This is essential knowledge for understanding Go's strengths and limitations at a fundamental level.
How It Works Internally¶
From Source Code to Running Program¶
When you run go build main.go, here is what happens step by step:
- Source code — Your
.gofiles - Lexer/Parser — Tokenizes source, builds Abstract Syntax Tree (AST)
- Type checking — Verifies types, resolves names, checks interfaces
- SSA generation — Converts AST to Static Single Assignment form
- Optimization passes — Dead code elimination, inlining, escape analysis
- Machine code generation — Architecture-specific code (amd64, arm64)
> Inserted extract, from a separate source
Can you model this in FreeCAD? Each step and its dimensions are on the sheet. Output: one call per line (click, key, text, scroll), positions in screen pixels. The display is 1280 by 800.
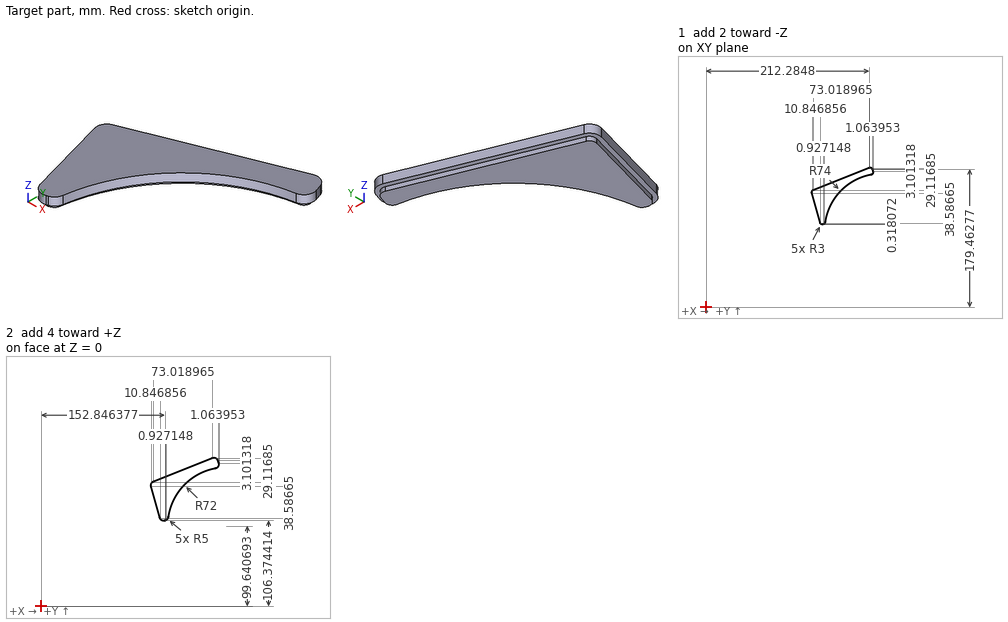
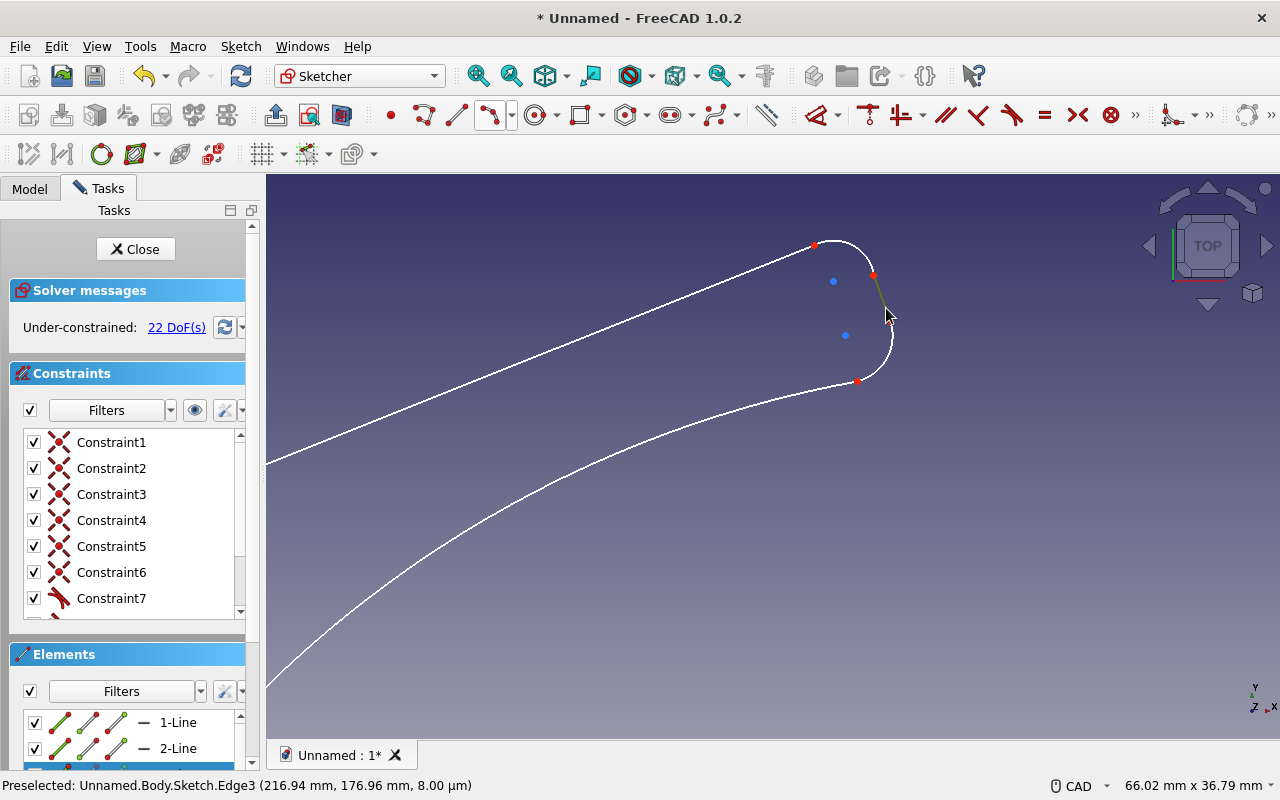
click(877, 371)

- Linker — Combines object files, embeds Go runtime, produces final binary
- Runtime initialization — Sets up scheduler, GC, stacks at program start
Why Go Compiles Fast¶
Go's fast compilation is not accidental — it is the result of deliberate design decisions:
- No header files: Go parses only the source files in the current package and the exported symbols of imported packages (from
.afiles) - Import graph is a DAG: No circular imports allowed, enabling parallel compilation
- Simple grammar: Only 25 keywords, no ambiguous syntax (e.g., no angle brackets for generics — uses
[T any]) - Package-level compilation: Each package is compiled independently, enabling caching (
go build -cache) - Unused imports are errors: The compiler never parses code that is not needed
Runtime Deep Dive¶
The Go Runtime: What It Does¶
The Go runtime is a library linked into every Go binary. It manages: - Goroutine scheduler (M:N scheduling) - Garbage collector (concurrent, tri-color mark-and-sweep) - Memory allocator (tcmalloc-inspired, per-P caches) - Stack management (growable stacks, copying collector for stacks) - Network poller (epoll/kqueue integration)
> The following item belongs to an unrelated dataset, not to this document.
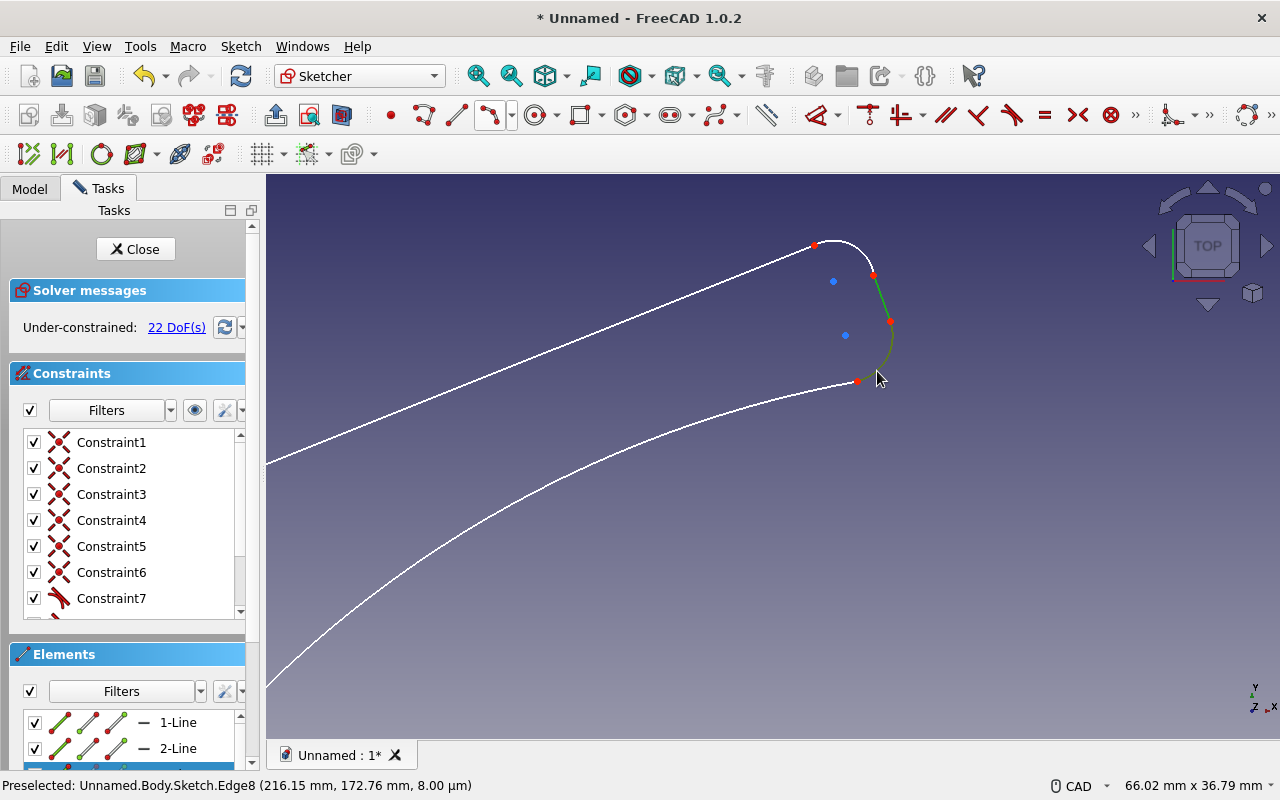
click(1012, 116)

The GMP Model (Goroutine Scheduler)¶
Key runtime structures (from Go source):
// From runtime/runtime2.go (simplified)
type g struct {
stack stack // goroutine stack bounds
stackguard0 uintptr // stack growth check
m *m // current M (OS thread)
sched gobuf // saved registers for context switch
atomicstatus uint32 // goroutine status (runnable, running, waiting, etc.)
goid int64 // goroutine ID
}
type m struct {
g0 *g // goroutine with scheduling stack
curg *g // current running goroutine
p *p // attached P (nil if not executing Go code)
nextp *p // next P to acquire
spinning bool // looking for work
}
type p struct {
status uint32 // P status
runqhead uint32 // local run queue head
runqtail uint32 // local run queue tail
runq [256]guintptr // local run queue (fixed-size ring buffer)
mcache *mcache // per-P memory cache
}
Key Go runtime functions: - runtime.newproc() — creates a new goroutine (called by the go keyword) - runtime.schedule() — finds the next goroutine to run - runtime.goexit() — called when a goroutine's function returns - runtime.mstart() — starts an OS thread for the scheduler - runtime.gcStart() — initiates a garbage collection cycle
Garbage Collector Internals¶
Go uses a concurrent, tri-color mark-and-sweep collector:
How it works: 1. Mark Setup (STW ~10-30us): Enable write barrier, turn all objects white 2. Marking (concurrent): Start from roots (stacks, globals), color objects grey. For each grey object, scan its pointers and color children grey. Color scanned object black. 3. Mark Termination (STW ~10-30us): Disable write barrier, finish any remaining marking 4. Sweep (concurrent): Reclaim white (unreachable) objects
Write barrier: During concurrent marking, the write barrier tracks pointer modifications to prevent the mutator (your program) from hiding objects from the GC. Go uses a Yuasa-style deletion write barrier combined with a Dijkstra-style insertion write barrier.
Compiler Perspective¶
Viewing Compiler Decisions¶
# Escape analysis — which variables escape to heap?
go build -gcflags="-m -m" main.go
# SSA intermediate representation — view optimization passes
GOSSAFUNC=main go build main.go
# Opens ssa.html in browser showing all SSA optimization passes
# Inline decisions — which functions get inlined?
go build -gcflags="-m" main.go 2>&1 | grep "inlining"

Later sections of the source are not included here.